I stood at the doorstep of my house, barely holding myself up.
Not that I had bones or blood anymore, but something inside me felt drained beyond explanation.
My childhood home looked the same.
The rusted gate.
The potted plants my mom always forgot to water.
The wind chime that only ever rang when no one wanted it to.
I used to call this place a cage.
Now I'd give anything to crawl back inside it.
But I couldn't move. Not yet.
My feet felt stuck.
What was I expecting, really?
Hugs?
Tears?
Screams?
Would they be angry I died in such a stupid, pointless way?
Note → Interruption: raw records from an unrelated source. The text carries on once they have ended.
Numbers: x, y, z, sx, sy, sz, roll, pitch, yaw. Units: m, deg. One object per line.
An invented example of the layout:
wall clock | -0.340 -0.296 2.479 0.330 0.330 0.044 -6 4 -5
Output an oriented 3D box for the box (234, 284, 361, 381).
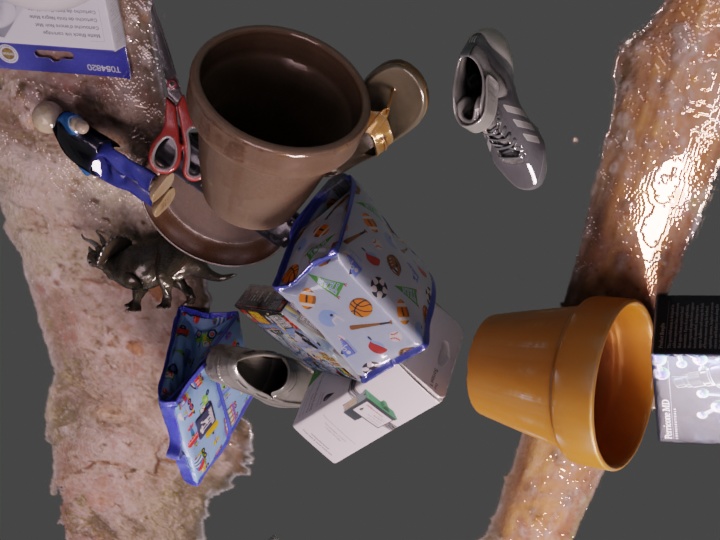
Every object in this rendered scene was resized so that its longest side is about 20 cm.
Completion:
box | -0.070 0.075 1.653 0.137 0.040 0.200 41 167 -18

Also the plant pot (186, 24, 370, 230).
plant pot | -0.105 -0.140 1.458 0.199 0.201 0.175 22 135 -1

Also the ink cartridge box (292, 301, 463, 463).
ink cartridge box | 0.023 0.134 1.676 0.084 0.147 0.200 42 127 -17

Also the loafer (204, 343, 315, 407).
loafer | -0.113 0.143 1.729 0.199 0.071 0.069 17 172 -43

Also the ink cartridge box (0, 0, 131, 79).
ink cartridge box | -0.371 -0.304 1.507 0.198 0.041 0.201 5 130 13

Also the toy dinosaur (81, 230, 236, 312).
toy dinosaur | -0.262 -0.003 1.695 0.198 0.077 0.103 -3 95 3

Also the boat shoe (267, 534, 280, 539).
boat shoe | -0.160 0.494 2.075 0.060 0.076 0.200 34 131 -4

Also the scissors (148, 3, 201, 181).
scissors | -0.208 -0.203 1.520 0.072 0.014 0.202 1 102 -4

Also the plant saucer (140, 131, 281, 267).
plant saucer | -0.175 -0.092 1.627 0.198 0.032 0.201 8 130 10

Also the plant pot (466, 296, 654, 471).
plant pot | 0.235 0.125 1.588 0.182 0.200 0.201 7 132 33

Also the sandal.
sandal | 0.004 -0.160 1.500 0.080 0.054 0.200 41 128 -17

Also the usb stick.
usb stick | -0.158 -0.100 1.575 0.199 0.033 0.055 36 121 -13

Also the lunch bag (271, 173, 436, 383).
lunch bag | 0.000 0.000 1.536 0.123 0.201 0.170 -29 116 29

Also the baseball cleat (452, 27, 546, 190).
baseball cleat | 0.142 -0.157 1.426 0.069 0.107 0.201 -3 124 36

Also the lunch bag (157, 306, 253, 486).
lunch bag | -0.219 0.171 1.744 0.093 0.201 0.151 4 130 14

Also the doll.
doll | -0.316 -0.139 1.593 0.199 0.049 0.137 33 157 9

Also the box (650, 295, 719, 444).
box | 0.449 0.118 1.557 0.198 0.107 0.149 -1 129 19

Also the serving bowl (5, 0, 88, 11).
serving bowl | -0.350 -0.370 1.390 0.198 0.066 0.202 5 111 13

Or had they already... moved on?
Guilt coiled in me.
Growing up, Dad was my superhero.
Mom was my best friend.
And my little brother?
Well... he was just my little brother.
Somewhere in my teenage years, that all fell apart.
I stopped sharing anything with Mom.
I started rolling my eyes at Dad.
I fought with my brother like it was a competitive sport.
Romance, rebellion, sneaking out, peer pressure, music, makeup, bunking classes—I dove headfirst into it all.
Somewhere along the line, family became background noise.
After college, the calls became fewer.
The visits, rare.
Every holiday, they'd ask me to come.
Or they'd offer to visit.
And every time, I had something "more important."
I sighed.
"Damn... that actually sounded deep. Maybe death makes you wise.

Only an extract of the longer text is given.